The Device Key Encryption Key (DKEK) is an AES-256 key stored in the SmartCard-HSM. It is used to securely export or import key material.
The questions is: Where does that key come from ? The DKEK Share is the answer. The final DKEK in the SmartCard-HSM is assembled from DKEK shares in a XOR operation. After you initialize the device, a temporary buffer is initialized with all 00. Then you import the first DKEK share and that is updating the buffer in an XOR operation. Then you import the next DKEK share and again the value in the buffer is XORed. After you have imported all shares, the final DKEK value is in the buffer is the result of performing XOR operations on all DKEK shares. That way the confidentiality of the DKEK is maintained by splitting the secret in n-XOR shares.

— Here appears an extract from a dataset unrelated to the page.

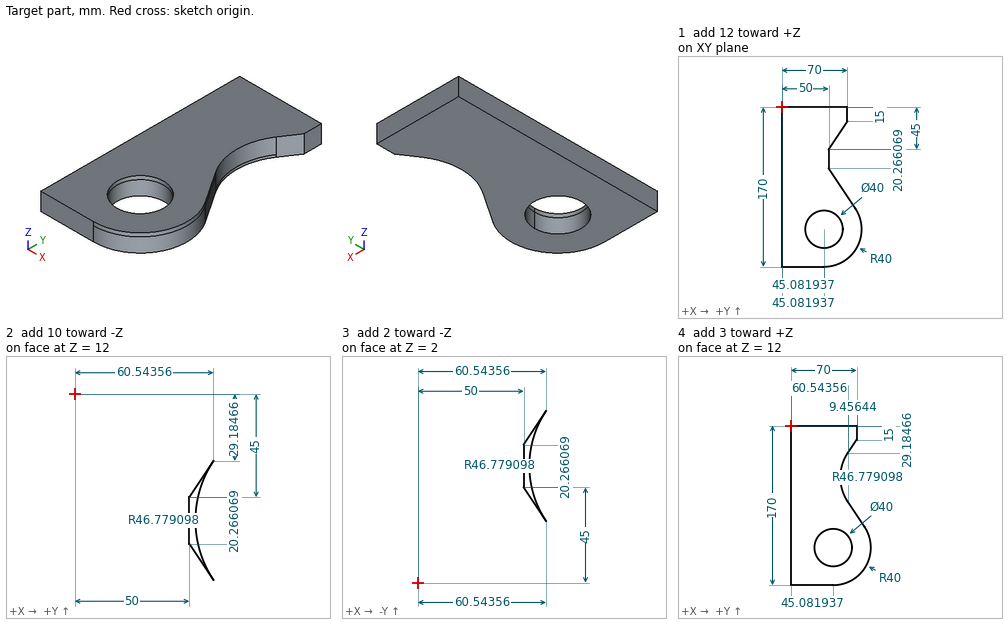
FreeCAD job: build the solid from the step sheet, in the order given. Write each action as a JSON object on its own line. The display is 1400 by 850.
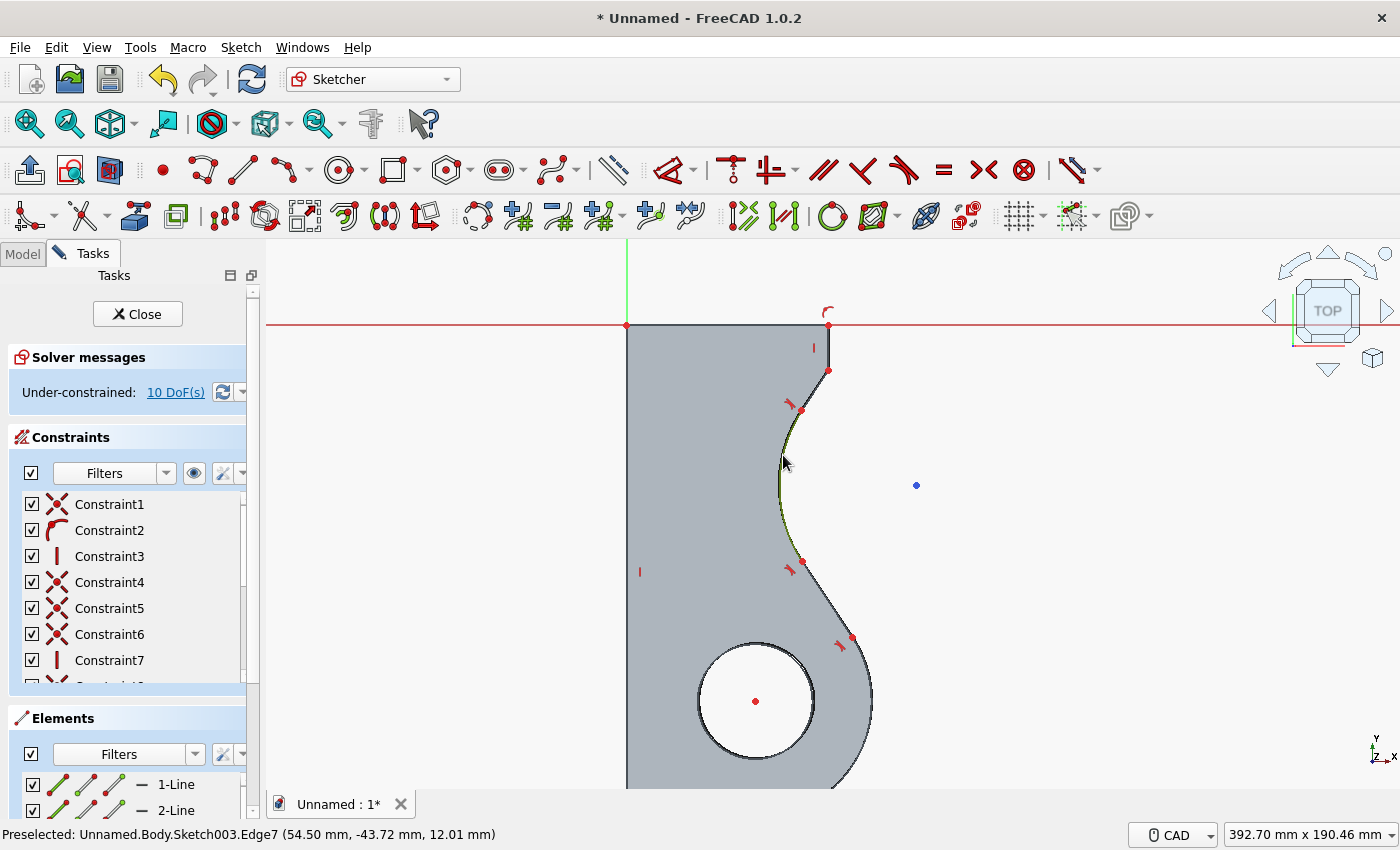
{"action": "left_click", "coordinate": [696, 170]}

Of course each DKEK share contains a part of the final secret, so that must be kept confidential as well. One way could be, that the key custodian himself creates a password with 256 bit entropy. That is however not really feasible. Instead the sc-hsm-tool generates a DKEK share using the random number generator in the SmartCard-HSM and then encrypts the DKEK share using a password supplied by the key custodian. That way the entropy of the supplied password can be lower that the actual DKEK share.
An adversary needs both, the encrypted DKEK share file and the password. And that from all key custodians involved in creating the DKEK.
Additionally, access to the DKEK share can be controlled by a n-of-m threshold scheme. So rather than providing a password to decrypt the DKEK share, n of the m assigned key custodians must present their password to decrypt the DKEK share.